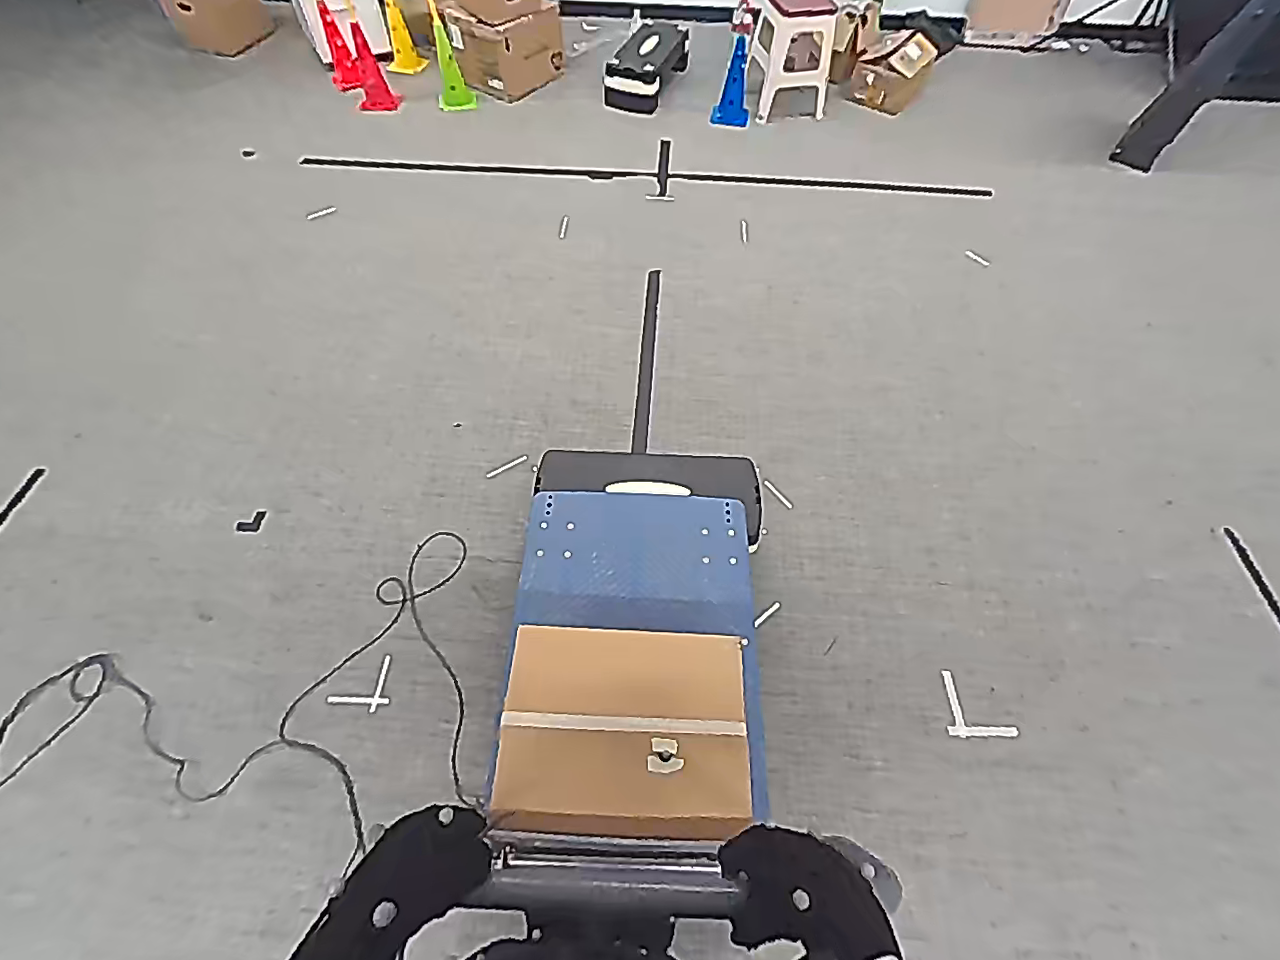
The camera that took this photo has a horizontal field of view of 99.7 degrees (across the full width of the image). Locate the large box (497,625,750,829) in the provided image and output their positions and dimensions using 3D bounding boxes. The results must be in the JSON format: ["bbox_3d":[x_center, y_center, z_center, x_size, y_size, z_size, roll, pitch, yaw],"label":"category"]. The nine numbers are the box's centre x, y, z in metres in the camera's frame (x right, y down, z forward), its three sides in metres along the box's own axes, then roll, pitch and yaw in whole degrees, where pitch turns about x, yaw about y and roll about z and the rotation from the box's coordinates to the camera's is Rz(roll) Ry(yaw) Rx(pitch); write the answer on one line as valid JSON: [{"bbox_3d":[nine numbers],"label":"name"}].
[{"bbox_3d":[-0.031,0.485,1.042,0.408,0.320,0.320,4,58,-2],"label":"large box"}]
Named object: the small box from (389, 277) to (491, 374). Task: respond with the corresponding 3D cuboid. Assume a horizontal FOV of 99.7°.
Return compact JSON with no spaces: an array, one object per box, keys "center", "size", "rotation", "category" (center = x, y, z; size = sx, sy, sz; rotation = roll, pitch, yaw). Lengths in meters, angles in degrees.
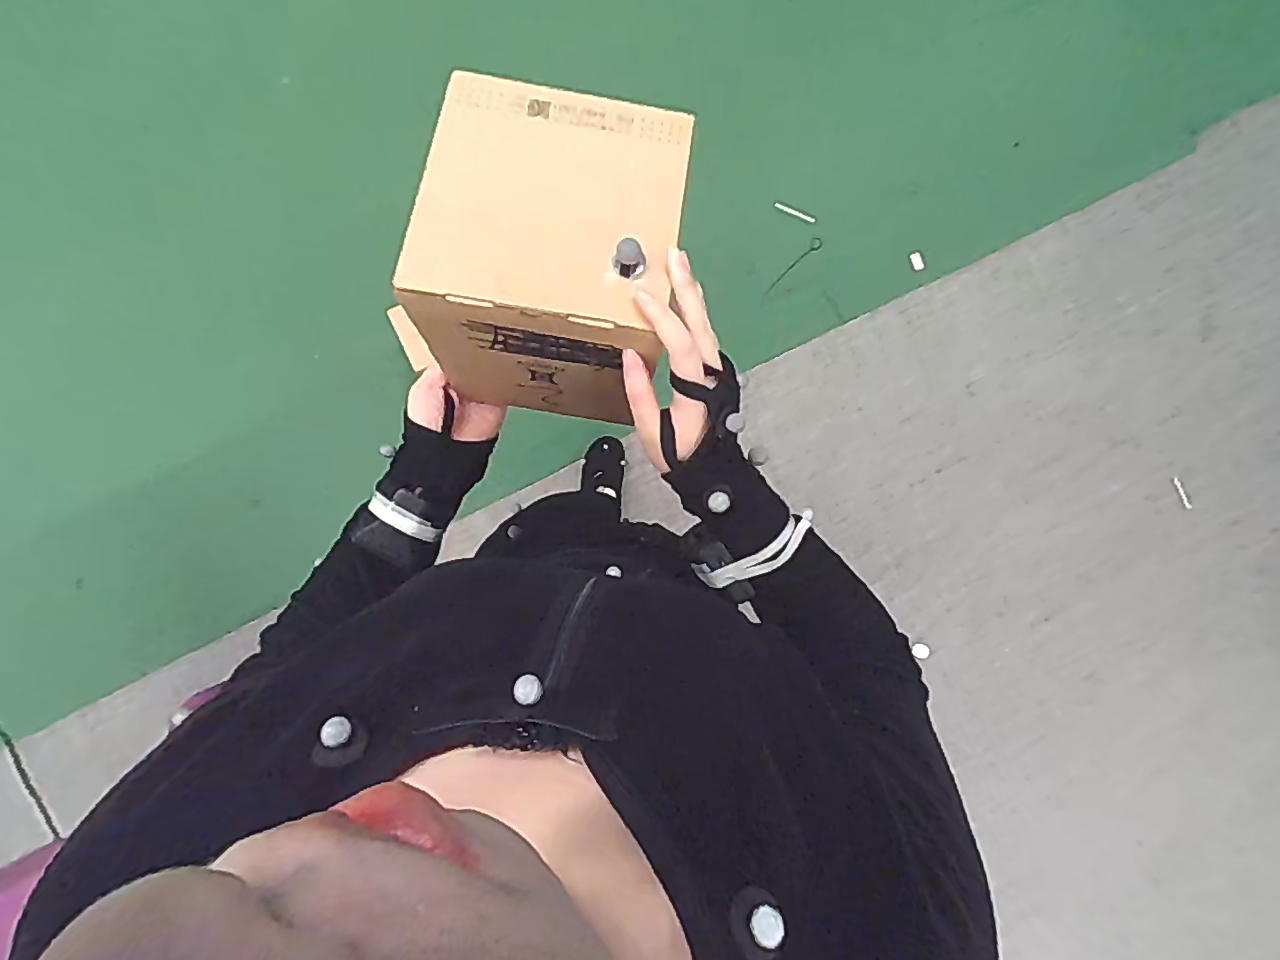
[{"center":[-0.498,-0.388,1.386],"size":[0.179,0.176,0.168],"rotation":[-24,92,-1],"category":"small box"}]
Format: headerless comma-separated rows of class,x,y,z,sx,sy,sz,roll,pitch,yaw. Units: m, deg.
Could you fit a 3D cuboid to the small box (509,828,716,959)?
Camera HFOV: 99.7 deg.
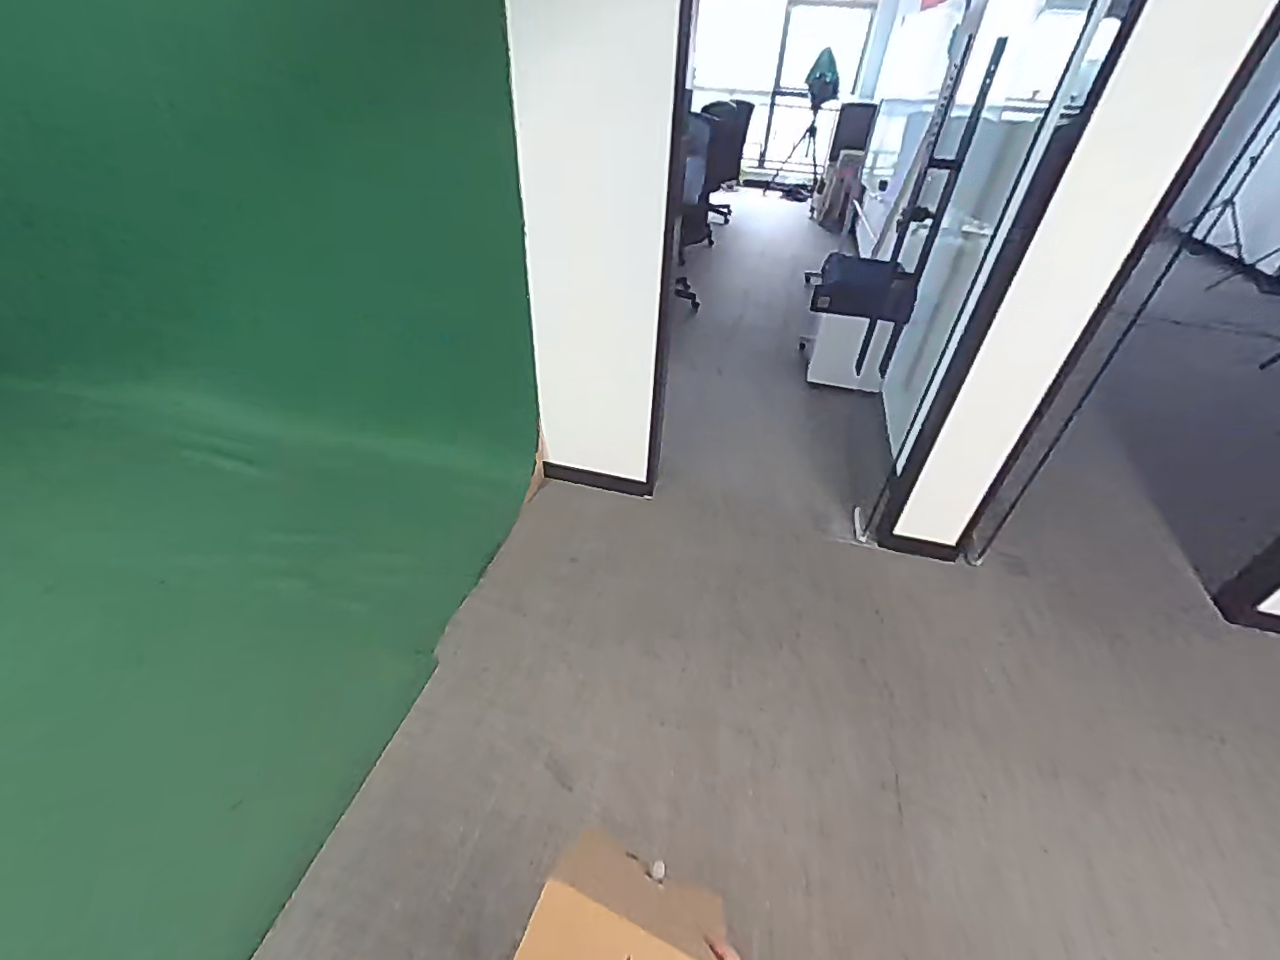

*-*-*

- Work request: Where a picture appears in the data, omit it; restate the rest word for word.

- Task solution:
The camera that took this photo has a horizontal field of view of 99.7 degrees (across the full width of the image). Locate the large box (497,625,750,829) in the provided image and output their positions and dimensions using 3D bounding boxes. The results must be in the JSON format: ["bbox_3d":[x_center, y_center, z_center, x_size, y_size, z_size, roll, pitch, yaw],"label":"category"]. The nine numbers are the box's centre x, y, z in metres in the camera's frame (x right, y down, z forward), its three sides in metres along the box's own axes, then roll, pitch and yaw in whole degrees, where pitch turns about x, yaw about y and roll about z and the rotation from the box's coordinates to the camera's is Rz(roll) Ry(yaw) Rx(pitch); write the answer on one line as valid JSON: [{"bbox_3d":[nine numbers],"label":"name"}].
[{"bbox_3d":[-0.031,0.485,1.042,0.408,0.320,0.320,4,58,-2],"label":"large box"}]
Named object: the small box from (389, 277) to (491, 374). Task: respond with the corresponding 3D cuboid. Assume a horizontal FOV of 99.7°.
Return compact JSON with no spaces: an array, one object per box, keys "center", "size", "rotation", "category" (center = x, y, z; size = sx, sy, sz; rotation = roll, pitch, yaw). Lengths in meters, angles in degrees.
[{"center":[-0.498,-0.388,1.386],"size":[0.179,0.176,0.168],"rotation":[-24,92,-1],"category":"small box"}]
Format: headerless comma-separated rows of class,x,y,z,sx,sy,sz,roll,pitch,yaw. Units: m, deg.
Could you fit a 3D cuboid to the small box (509,828,716,959)?
Camera HFOV: 99.7 deg.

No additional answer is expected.